Machine learning identifies activation of RUNX/AP-1 as drivers of mesenchymal and fibrotic regulatory programs in gastric cancer

  1. Michael A. Beer1
  1. 1Department of Biomedical Engineering and McKusick-Nathans Department of Genetic Medicine, Johns Hopkins University, Baltimore, Maryland 21205, USA;
  2. 2Laboratory of Computational Cancer Genomics, Genome Institute of Singapore (GIS), Agency for Science, Technology and Research (A*STAR), Singapore 138672;
  3. 3Laboratory of Cancer Epigenetic Regulation, Genome Institute of Singapore (GIS), Agency for Science, Technology and Research (A*STAR), Singapore 138672;
  4. 4Cancer and Stem Cell Biology Program, Duke-NUS Medical School, Singapore 169857;
  5. 5Cancer Science Institute of Singapore, National University of Singapore, Singapore 117599;
  6. 6Department of Physiology, Yong Loo Lin School of Medicine, National University of Singapore, Singapore 117593
  • Corresponding authors: mbeer{at}jhu.edu, skanderupamj{at}gis.a-star.edu.sg
  • Abstract

    Gastric cancer (GC) is the fifth most common cancer worldwide and is a heterogeneous disease. Among GC subtypes, the mesenchymal phenotype (Mes-like) is more invasive than the epithelial phenotype (Epi-like).

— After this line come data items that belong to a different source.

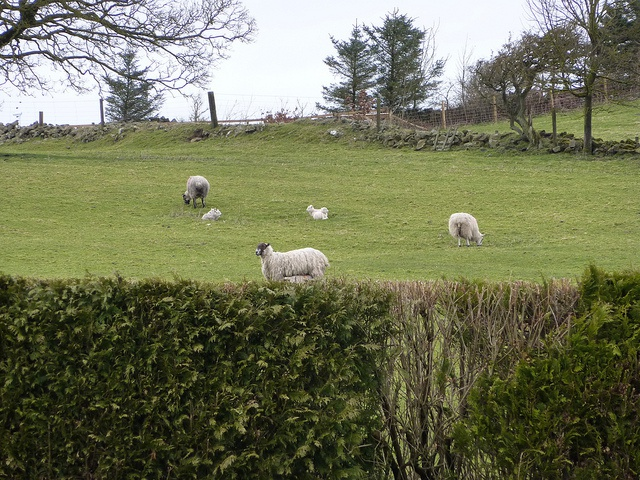Describe the objects in this image and their specific colors. I can see sheep in gray, darkgray, and lightgray tones, sheep in gray, olive, darkgray, and lightgray tones, sheep in gray, darkgray, black, and lightgray tones, sheep in gray, lightgray, darkgray, and olive tones, and sheep in gray, darkgray, and lightgray tones in this image. 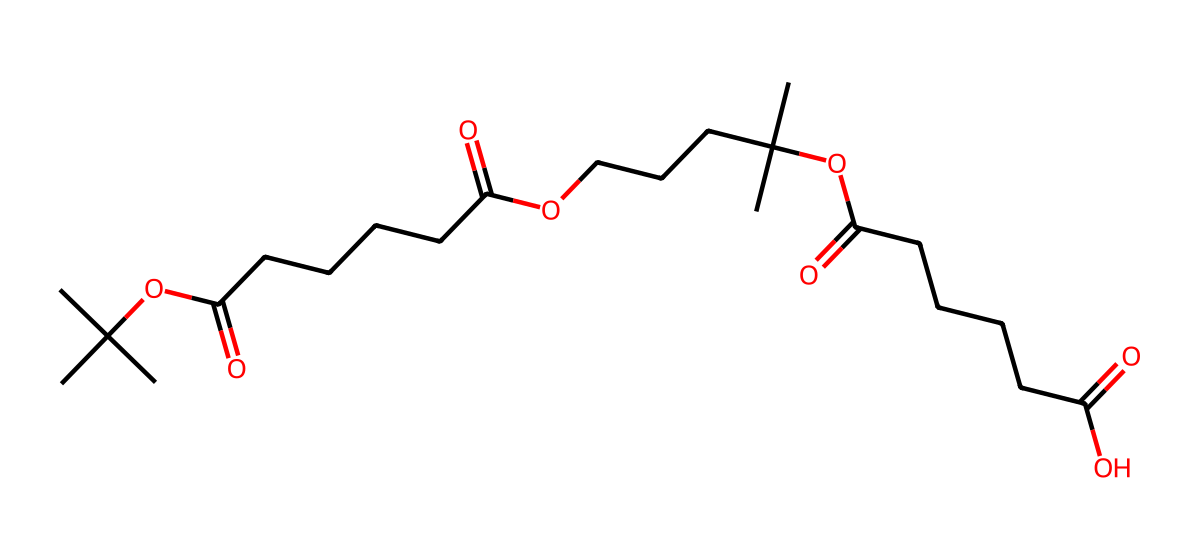what is the total number of carbon atoms in this chemical? To determine the total number of carbon atoms, we can analyze the SMILES representation. The "C" characters represent carbon atoms, and by counting them in the provided structure, we find a total of 20 carbon atoms.
Answer: 20 how many ester functional groups are present in this molecule? In the SMILES notation, the presence of "OC(=O)" indicates ester functional groups. By examining the structure, we can identify two occurrences of this motif, indicating that there are 2 ester functional groups in the molecule.
Answer: 2 what is the main organic functionality of this chemical? The molecule contains both ester and carboxylic acid groups, with the distinct motif of "OC(=O)" for esters and "C(=O)O" indicating a carboxylic acid. Since the dominant features in biodegradable polymers are their ester linkages, the main functionality can be identified as esters.
Answer: esters what is the longest carbon chain length in this polymer? By analyzing the structure in the SMILES representation, the longest continuous chain of carbon atoms is found connected to the ester and carboxylic acid functionalities, which appears to have a length of 5 carbon atoms.
Answer: 5 how many branches are present in the carbon skeleton? The structure shows several branched groups marked by "(C)(C)" in the notation. Each branching indicates a presence of a methyl group. Counting these shows that there are 4 branched methyl groups in the polymer structure.
Answer: 4 what type of polymer does this structure likely represent? The presence of repeatable ester groups along with long carbon chains indicates that this molecule can function as a poly(ester). Hence, it represents a thermoplastic biodegradable polymer, commonly used in eco-friendly applications.
Answer: poly(ester) is this compound likely to be soluble in water? The presence of carboxylic acid groups could suggest some solubility due to potential hydrogen bonding with water. However, the substantial hydrocarbon chain length typically results in limited solubility. Thus, the overall nature of the compound indicates that it is likely to have low solubility in water.
Answer: low 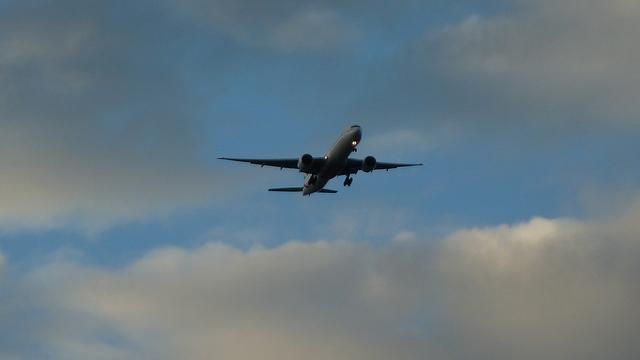Is this an airshow?
Write a very short answer. No. How many clouds are there?
Give a very brief answer. Many. Is it cloudy or clear?
Be succinct. Cloudy. How many planes have propellers?
Write a very short answer. 1. Does the plane have landing gear out?
Short answer required. Yes. Is this a twin engines jet?
Answer briefly. Yes. What is the weather like?
Keep it brief. Cloudy. What is in the picture?
Write a very short answer. Airplane. Is this plane dumping anything?
Write a very short answer. No. What does the cloud on the right look like?
Quick response, please. Cloud.

Although gene expression of the epithelial-to-mesenchymal transition (EMT) has been studied, the regulatory landscape shaping this process is not fully understood. Here we use ATAC-seq and RNA-seq data from a compendium of GC cell lines and primary tumors to detect drivers of regulatory state changes and their transcriptional responses. Using the ATAC-seq data, we developed a machine learning approach to determine the transcription factors (TFs) regulating the subtypes of GC. We identified TFs driving the mesenchymal (RUNX2, ZEB1, SNAI2, AP-1 dimer) and the epithelial (GATA4, GATA6, KLF5, HNF4A, FOXA2, GRHL2) states in GC. We identified DNA copy number alterations associated with dysregulation of these TFs, specifically deletion of GATA4 and amplification of MAPK9. Comparisons with bulk and single-cell RNA-seq data sets identified activation toward fibroblast-like epigenomic and expression signatures in Mes-like GC. The activation of this mesenchymal fibrotic program is associated with differentially accessible DNA cis-regulatory elements flanking upregulated mesenchymal genes. These findings establish a map of TF activity in GC and highlight the role of copy number driven alterations in shaping epigenomic regulatory programs as potential drivers of GC heterogeneity and progression.

    Footnotes

    • Received September 26, 2023.
    • Accepted May 13, 2024.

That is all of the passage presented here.